I was told by a very reliable source it is the motors, and I think he said the motors also houses the pinch sensor as well. 

Just a bad batch from the supplier. I think when they order the motor, it comes with the new gears attached if I can remember.


----------



## ridgemanron (Sep 27, 2011)

Babie said:


> I was told by a very reliable source it is the motors, and I think he said the motors also houses the pinch sensor as well.
> 
> Just a bad batch from the supplier. I think when they order the motor, it comes with the new gears attached if I can remember.

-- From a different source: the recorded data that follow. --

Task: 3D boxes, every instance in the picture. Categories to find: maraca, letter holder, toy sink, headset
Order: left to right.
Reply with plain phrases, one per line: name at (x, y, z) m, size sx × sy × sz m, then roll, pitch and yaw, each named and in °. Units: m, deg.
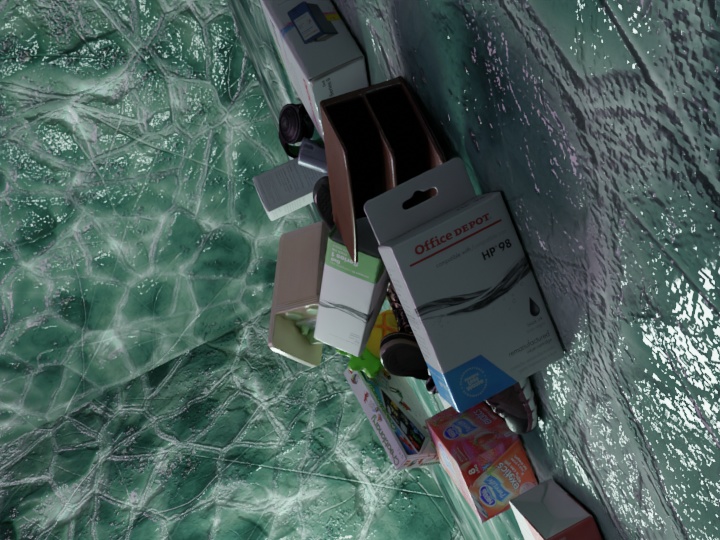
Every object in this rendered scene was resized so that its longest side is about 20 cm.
headset at (-0.078, -0.255, 1.117) m, size 0.095 × 0.121 × 0.201 m, roll 60°, pitch 166°, yaw 21°
toy sink at (-0.067, 0.044, 1.099) m, size 0.129 × 0.110 × 0.206 m, roll 32°, pitch -126°, yaw -45°
letter holder at (0.028, -0.083, 0.742) m, size 0.202 × 0.098 × 0.145 m, roll 86°, pitch 164°, yaw -56°
maraca at (0.052, 0.131, 1.157) m, size 0.137 × 0.195 × 0.110 m, roll 44°, pitch 137°, yaw 44°

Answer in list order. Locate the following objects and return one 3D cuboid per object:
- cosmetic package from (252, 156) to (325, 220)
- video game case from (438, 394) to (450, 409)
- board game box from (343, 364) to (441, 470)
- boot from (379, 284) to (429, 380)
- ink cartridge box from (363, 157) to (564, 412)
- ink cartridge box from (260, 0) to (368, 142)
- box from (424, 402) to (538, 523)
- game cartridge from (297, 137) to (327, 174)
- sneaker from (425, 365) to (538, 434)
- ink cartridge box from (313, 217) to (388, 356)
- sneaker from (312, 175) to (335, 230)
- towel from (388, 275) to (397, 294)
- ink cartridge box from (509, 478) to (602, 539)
cosmetic package at (-0.094, -0.170, 1.198) m, size 0.076 × 0.196 × 0.102 m, roll 63°, pitch 173°, yaw 2°
video game case at (0.204, 0.298, 1.248) m, size 0.201 × 0.022 × 0.186 m, roll 87°, pitch 159°, yaw -73°
board game box at (0.063, 0.247, 1.133) m, size 0.124 × 0.035 × 0.202 m, roll 12°, pitch -144°, yaw -45°
boot at (0.075, 0.088, 1.042) m, size 0.198 × 0.072 × 0.154 m, roll 24°, pitch -137°, yaw -52°
ink cartridge box at (0.092, 0.008, 0.599) m, size 0.067 × 0.113 × 0.205 m, roll -154°, pitch 39°, yaw -81°
ink cartridge box at (-0.061, -0.299, 0.921) m, size 0.146 × 0.086 × 0.203 m, roll 73°, pitch 172°, yaw -62°
box at (0.178, 0.278, 0.992) m, size 0.200 × 0.100 × 0.097 m, roll -143°, pitch 28°, yaw -81°
game cartridge at (-0.035, -0.171, 1.028) m, size 0.200 × 0.129 × 0.042 m, roll -107°, pitch 32°, yaw -76°
sneaker at (0.130, 0.125, 0.731) m, size 0.076 × 0.113 × 0.204 m, roll -124°, pitch 11°, yaw -56°
ink cartridge box at (0.000, 0.000, 0.950) m, size 0.147 × 0.082 × 0.203 m, roll -63°, pitch -11°, yaw -47°
sneaker at (-0.015, -0.104, 1.046) m, size 0.197 × 0.077 × 0.115 m, roll 26°, pitch -159°, yaw -41°
towel at (0.090, 0.021, 0.838) m, size 0.202 × 0.022 × 0.147 m, roll -119°, pitch 32°, yaw -47°
ink cartridge box at (0.260, 0.372, 0.776) m, size 0.116 × 0.066 × 0.205 m, roll -160°, pitch 46°, yaw -82°
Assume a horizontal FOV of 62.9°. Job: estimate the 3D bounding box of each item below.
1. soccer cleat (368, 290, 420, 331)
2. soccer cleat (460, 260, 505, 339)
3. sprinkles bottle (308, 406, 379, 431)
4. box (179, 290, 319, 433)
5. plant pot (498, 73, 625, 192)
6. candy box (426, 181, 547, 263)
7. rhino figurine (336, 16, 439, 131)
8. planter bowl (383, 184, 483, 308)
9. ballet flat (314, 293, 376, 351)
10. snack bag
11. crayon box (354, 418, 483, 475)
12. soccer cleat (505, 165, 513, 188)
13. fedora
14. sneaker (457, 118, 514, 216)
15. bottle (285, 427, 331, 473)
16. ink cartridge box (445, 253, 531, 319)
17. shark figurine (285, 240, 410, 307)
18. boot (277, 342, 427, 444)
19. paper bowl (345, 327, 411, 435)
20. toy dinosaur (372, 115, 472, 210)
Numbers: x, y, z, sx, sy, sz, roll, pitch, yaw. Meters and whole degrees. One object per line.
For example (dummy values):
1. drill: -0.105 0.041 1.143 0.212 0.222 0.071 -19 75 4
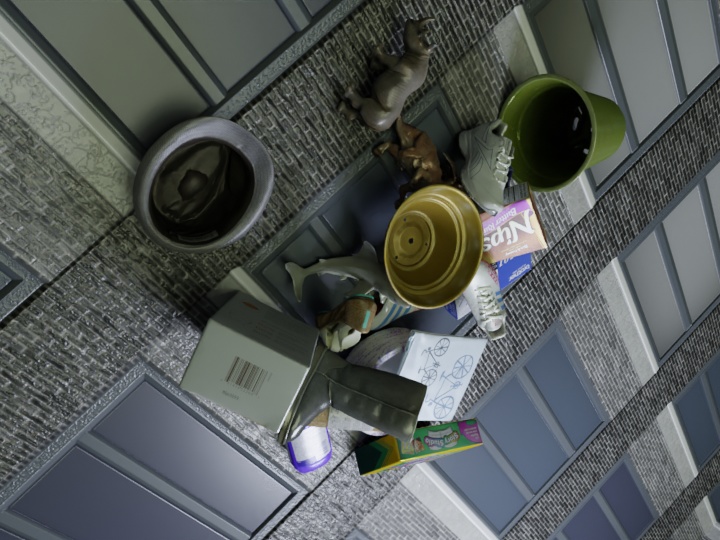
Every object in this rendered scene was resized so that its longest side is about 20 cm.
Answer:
1. soccer cleat: 0.076 0.040 1.059 0.199 0.070 0.086 -33 142 2
2. soccer cleat: 0.232 0.056 1.080 0.069 0.087 0.200 -22 141 13
3. sprinkles bottle: -0.028 0.233 0.988 0.198 0.068 0.069 5 110 -4
4. box: -0.155 0.126 0.876 0.151 0.200 0.107 26 98 -3
5. plant pot: 0.387 -0.256 1.085 0.189 0.199 0.202 -15 119 -39
6. candy box: 0.223 -0.071 1.062 0.198 0.057 0.117 -15 127 23
7. rhino figurine: 0.054 -0.305 0.907 0.087 0.060 0.201 36 93 0
8. planter bowl: 0.103 -0.044 0.979 0.199 0.083 0.203 -7 104 -28
9. ballet flat: -0.030 0.094 0.968 0.067 0.200 0.073 12 71 -23
10. snack bag: 0.130 0.199 1.082 0.199 0.021 0.190 10 109 -36
11. crayon box: 0.115 0.355 1.188 0.198 0.059 0.173 -1 154 -30
12. soccer cleat: 0.232 -0.112 1.097 0.064 0.084 0.202 -4 118 -30
13. fedora: -0.223 -0.124 0.823 0.176 0.090 0.201 27 102 -34
14. sneaker: 0.217 -0.181 0.994 0.087 0.202 0.074 -29 138 35
15. bottle: -0.107 0.275 1.079 0.083 0.065 0.202 -22 120 -21
16. ink cartridge box: 0.253 0.005 1.179 0.199 0.044 0.094 -32 135 -16
17. shark figurine: -0.017 -0.011 0.996 0.212 0.129 0.090 8 131 -6
18. boot: -0.011 0.224 0.928 0.199 0.073 0.183 28 74 -4
19. paper bowl: 0.047 0.200 1.110 0.199 0.104 0.202 -14 120 -26
20. toy dinosaur: 0.108 -0.188 1.001 0.135 0.086 0.201 -35 111 -23

 Must be some large batch! Will see tomorrow when they install my motor, since I was notified 
the part arrived at the dealership on Saturday. Keeping my fingers...and toes crossed, just for 
luck!


----------



## Babie (Jul 22, 2012)

ridgemanron said:


> Must be some large batch! Will see tomorrow when they install my motor, since I was notified
> the part arrived at the dealership on Saturday. Keeping my fingers...and toes crossed, just for
> luck!


 My drivers window is getting worse. Has anyone had 100% failure.


----------



## ridgemanron (Sep 27, 2011)

Heard back via email from ' Window Regulators USA'. He believes the problem has nothing 
to do with regulator but believes software in the computer is not working properly. I assume 
this would be the micro-processor in the motor that my service manager mentioned.


----------



## Babie (Jul 22, 2012)

ridgemanron said:


> Heard back via email from ' Window Regulators USA'. He believes the problem has nothing
> to do with regulator but believes software in the computer is not working properly. I assume
> this would be the micro-processor in the motor that my service manager mentioned.


 Software runs the world, my field, but I think if it were software, they would of had a fast fix if they has good programmers.


----------



## Babie (Jul 22, 2012)

Today, the windows were bad. I am sort of fried with these windows. I went to a drive thru for lunch, and had a heck of a time getting it to go up it just did the nasty thing, you know the up and down for about 5 minutes. Its getting old fast. Never had a car with this Love Hate relationship as this Beetle. Oh made my first payment OUCH....


----------